## Task item
Repeat every line of the data exactly; the pictures stay out.

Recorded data
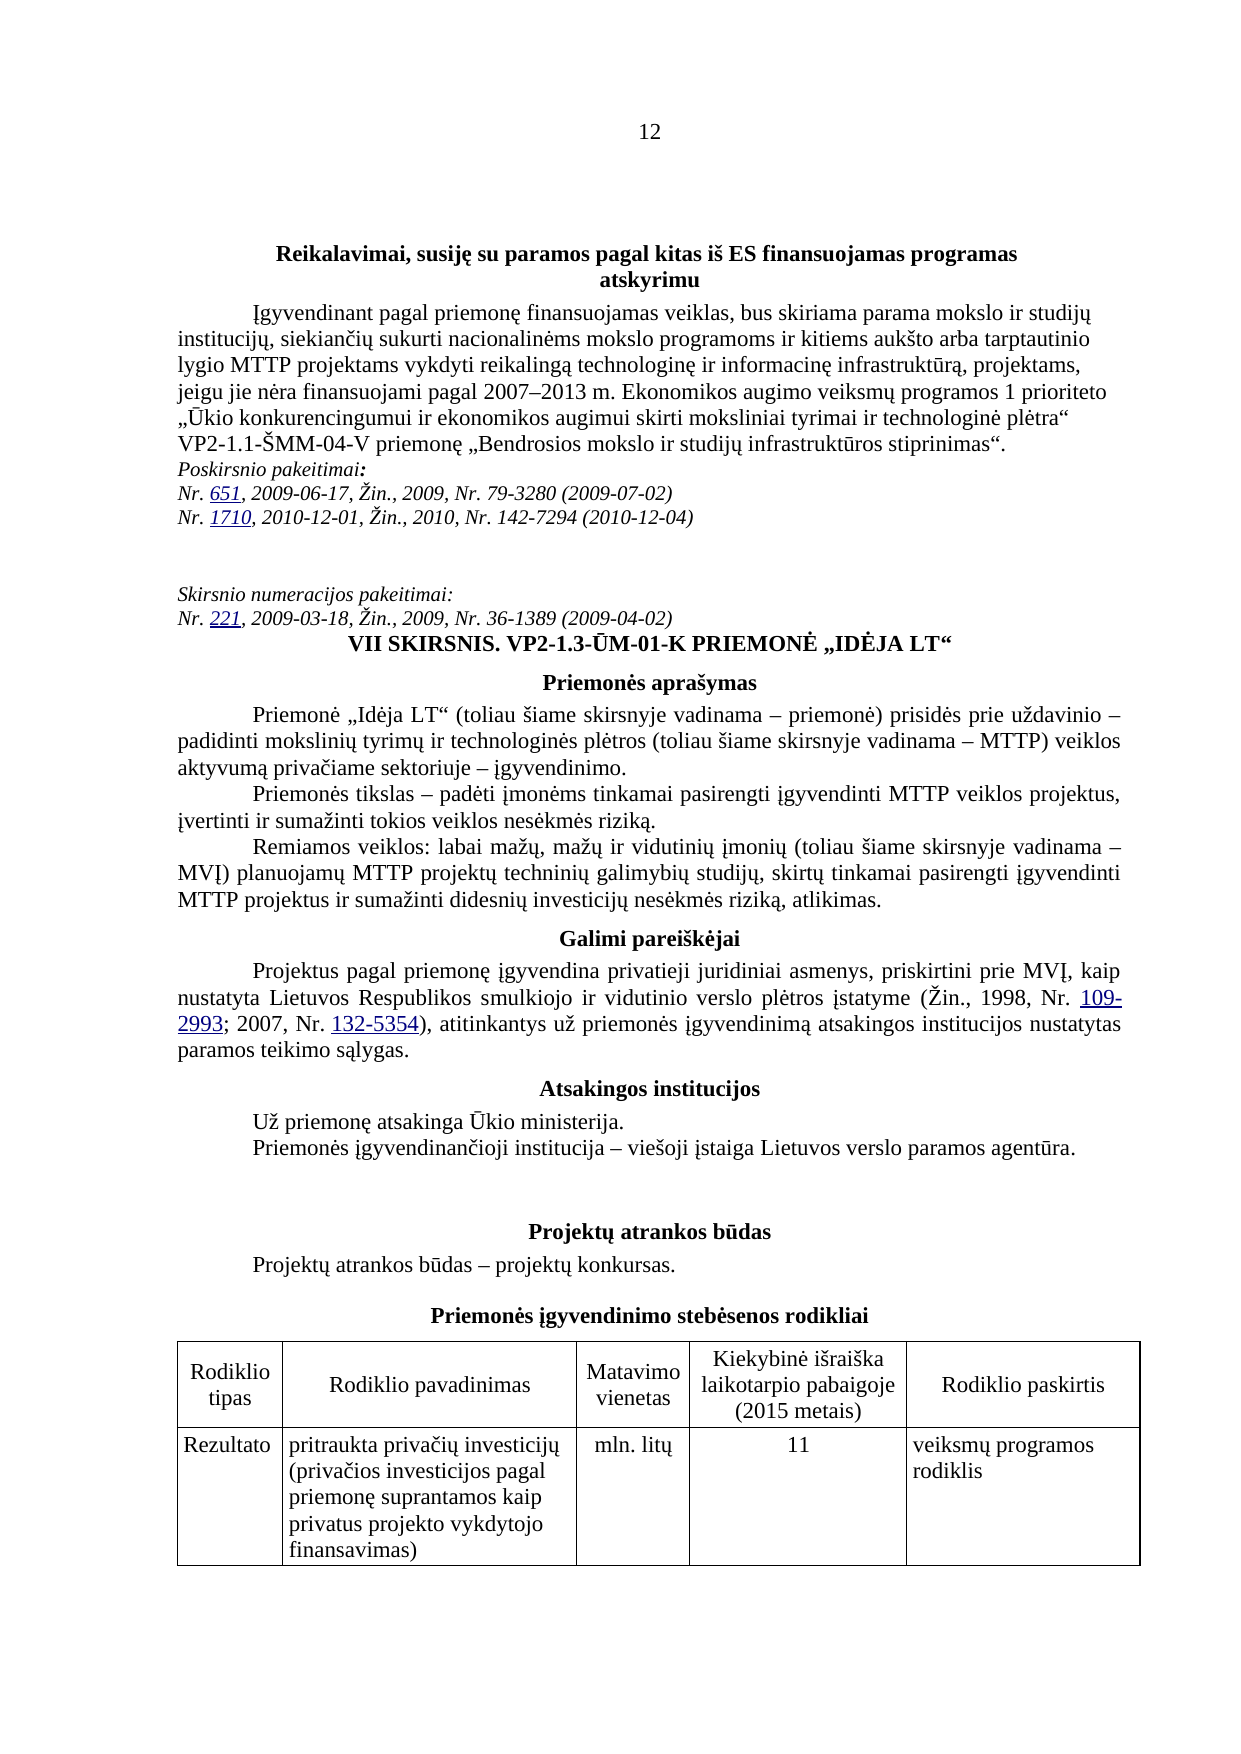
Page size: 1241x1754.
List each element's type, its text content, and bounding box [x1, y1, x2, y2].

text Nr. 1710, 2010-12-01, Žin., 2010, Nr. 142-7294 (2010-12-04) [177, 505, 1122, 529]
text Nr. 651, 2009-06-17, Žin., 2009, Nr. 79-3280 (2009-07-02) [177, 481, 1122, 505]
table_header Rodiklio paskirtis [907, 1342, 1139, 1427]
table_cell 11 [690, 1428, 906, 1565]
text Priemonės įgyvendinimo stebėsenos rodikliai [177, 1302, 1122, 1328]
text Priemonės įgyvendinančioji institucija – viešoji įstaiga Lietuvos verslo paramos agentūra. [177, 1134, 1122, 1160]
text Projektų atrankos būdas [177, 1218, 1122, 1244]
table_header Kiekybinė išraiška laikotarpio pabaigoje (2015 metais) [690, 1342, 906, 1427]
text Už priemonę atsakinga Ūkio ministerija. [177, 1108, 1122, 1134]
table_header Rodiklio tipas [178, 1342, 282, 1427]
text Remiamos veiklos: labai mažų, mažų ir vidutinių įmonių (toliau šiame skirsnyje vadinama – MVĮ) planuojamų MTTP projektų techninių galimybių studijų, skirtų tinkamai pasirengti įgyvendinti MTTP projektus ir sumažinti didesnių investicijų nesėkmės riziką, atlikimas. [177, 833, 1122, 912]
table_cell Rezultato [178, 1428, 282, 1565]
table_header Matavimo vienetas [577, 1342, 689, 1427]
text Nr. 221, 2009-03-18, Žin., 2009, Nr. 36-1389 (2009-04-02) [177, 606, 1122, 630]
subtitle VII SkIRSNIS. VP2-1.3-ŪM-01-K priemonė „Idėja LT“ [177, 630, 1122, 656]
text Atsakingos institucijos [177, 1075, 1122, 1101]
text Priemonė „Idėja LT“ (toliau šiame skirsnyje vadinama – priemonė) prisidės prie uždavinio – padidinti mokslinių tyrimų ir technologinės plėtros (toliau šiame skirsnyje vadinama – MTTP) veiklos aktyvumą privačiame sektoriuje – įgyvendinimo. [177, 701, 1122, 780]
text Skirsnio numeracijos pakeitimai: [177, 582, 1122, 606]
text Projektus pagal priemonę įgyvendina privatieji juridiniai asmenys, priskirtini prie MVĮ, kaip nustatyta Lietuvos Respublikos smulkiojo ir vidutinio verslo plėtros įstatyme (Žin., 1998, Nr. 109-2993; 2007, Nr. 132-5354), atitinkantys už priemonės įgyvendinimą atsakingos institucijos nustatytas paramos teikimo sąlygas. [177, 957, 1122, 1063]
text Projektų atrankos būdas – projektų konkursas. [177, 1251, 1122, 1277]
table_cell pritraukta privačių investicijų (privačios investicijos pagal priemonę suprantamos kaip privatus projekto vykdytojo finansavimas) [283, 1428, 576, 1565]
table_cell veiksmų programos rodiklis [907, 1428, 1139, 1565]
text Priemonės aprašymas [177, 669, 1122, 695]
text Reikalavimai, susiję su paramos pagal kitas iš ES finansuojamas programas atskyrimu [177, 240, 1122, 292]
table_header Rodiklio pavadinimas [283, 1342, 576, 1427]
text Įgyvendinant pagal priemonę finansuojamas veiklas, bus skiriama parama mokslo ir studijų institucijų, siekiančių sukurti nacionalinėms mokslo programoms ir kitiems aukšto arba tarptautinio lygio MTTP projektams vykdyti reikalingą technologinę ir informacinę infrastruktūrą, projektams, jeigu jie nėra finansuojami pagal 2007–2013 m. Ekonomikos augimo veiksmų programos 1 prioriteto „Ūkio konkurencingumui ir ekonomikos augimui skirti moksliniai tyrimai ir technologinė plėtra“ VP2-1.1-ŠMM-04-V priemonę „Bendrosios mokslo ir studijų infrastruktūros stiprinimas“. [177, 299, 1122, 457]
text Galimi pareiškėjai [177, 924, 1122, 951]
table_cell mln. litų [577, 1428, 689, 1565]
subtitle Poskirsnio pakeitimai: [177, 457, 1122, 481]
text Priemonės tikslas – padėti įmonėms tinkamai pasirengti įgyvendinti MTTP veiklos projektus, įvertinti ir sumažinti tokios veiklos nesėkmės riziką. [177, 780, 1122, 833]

## Task result
Page size: 1241x1754.
List each element's type, its text content, and bounding box [x1, y1, x2, y2].

text Nr. 1710, 2010-12-01, Žin., 2010, Nr. 142-7294 (2010-12-04) [177, 505, 1122, 529]
text Nr. 651, 2009-06-17, Žin., 2009, Nr. 79-3280 (2009-07-02) [177, 481, 1122, 505]
table_header Rodiklio paskirtis [907, 1342, 1139, 1427]
table_cell 11 [690, 1428, 906, 1565]
text Priemonės įgyvendinimo stebėsenos rodikliai [177, 1302, 1122, 1328]
text Priemonės įgyvendinančioji institucija – viešoji įstaiga Lietuvos verslo paramos agentūra. [177, 1134, 1122, 1160]
text Projektų atrankos būdas [177, 1218, 1122, 1244]
table_header Kiekybinė išraiška laikotarpio pabaigoje (2015 metais) [690, 1342, 906, 1427]
text Už priemonę atsakinga Ūkio ministerija. [177, 1108, 1122, 1134]
table_header Rodiklio tipas [178, 1342, 282, 1427]
text Remiamos veiklos: labai mažų, mažų ir vidutinių įmonių (toliau šiame skirsnyje vadinama – MVĮ) planuojamų MTTP projektų techninių galimybių studijų, skirtų tinkamai pasirengti įgyvendinti MTTP projektus ir sumažinti didesnių investicijų nesėkmės riziką, atlikimas. [177, 833, 1122, 912]
table_cell Rezultato [178, 1428, 282, 1565]
table_header Matavimo vienetas [577, 1342, 689, 1427]
text Nr. 221, 2009-03-18, Žin., 2009, Nr. 36-1389 (2009-04-02) [177, 606, 1122, 630]
subtitle VII SkIRSNIS. VP2-1.3-ŪM-01-K priemonė „Idėja LT“ [177, 630, 1122, 656]
text Atsakingos institucijos [177, 1075, 1122, 1101]
text Priemonė „Idėja LT“ (toliau šiame skirsnyje vadinama – priemonė) prisidės prie uždavinio – padidinti mokslinių tyrimų ir technologinės plėtros (toliau šiame skirsnyje vadinama – MTTP) veiklos aktyvumą privačiame sektoriuje – įgyvendinimo. [177, 701, 1122, 780]
text Skirsnio numeracijos pakeitimai: [177, 582, 1122, 606]
text Projektus pagal priemonę įgyvendina privatieji juridiniai asmenys, priskirtini prie MVĮ, kaip nustatyta Lietuvos Respublikos smulkiojo ir vidutinio verslo plėtros įstatyme (Žin., 1998, Nr. 109-2993; 2007, Nr. 132-5354), atitinkantys už priemonės įgyvendinimą atsakingos institucijos nustatytas paramos teikimo sąlygas. [177, 957, 1122, 1063]
text Projektų atrankos būdas – projektų konkursas. [177, 1251, 1122, 1277]
table_cell pritraukta privačių investicijų (privačios investicijos pagal priemonę suprantamos kaip privatus projekto vykdytojo finansavimas) [283, 1428, 576, 1565]
table_cell veiksmų programos rodiklis [907, 1428, 1139, 1565]
text Priemonės aprašymas [177, 669, 1122, 695]
text Reikalavimai, susiję su paramos pagal kitas iš ES finansuojamas programas atskyrimu [177, 240, 1122, 292]
table_header Rodiklio pavadinimas [283, 1342, 576, 1427]
text Įgyvendinant pagal priemonę finansuojamas veiklas, bus skiriama parama mokslo ir studijų institucijų, siekiančių sukurti nacionalinėms mokslo programoms ir kitiems aukšto arba tarptautinio lygio MTTP projektams vykdyti reikalingą technologinę ir informacinę infrastruktūrą, projektams, jeigu jie nėra finansuojami pagal 2007–2013 m. Ekonomikos augimo veiksmų programos 1 prioriteto „Ūkio konkurencingumui ir ekonomikos augimui skirti moksliniai tyrimai ir technologinė plėtra“ VP2-1.1-ŠMM-04-V priemonę „Bendrosios mokslo ir studijų infrastruktūros stiprinimas“. [177, 299, 1122, 457]
text Galimi pareiškėjai [177, 924, 1122, 951]
table_cell mln. litų [577, 1428, 689, 1565]
subtitle Poskirsnio pakeitimai: [177, 457, 1122, 481]
text Priemonės tikslas – padėti įmonėms tinkamai pasirengti įgyvendinti MTTP veiklos projektus, įvertinti ir sumažinti tokios veiklos nesėkmės riziką. [177, 780, 1122, 833]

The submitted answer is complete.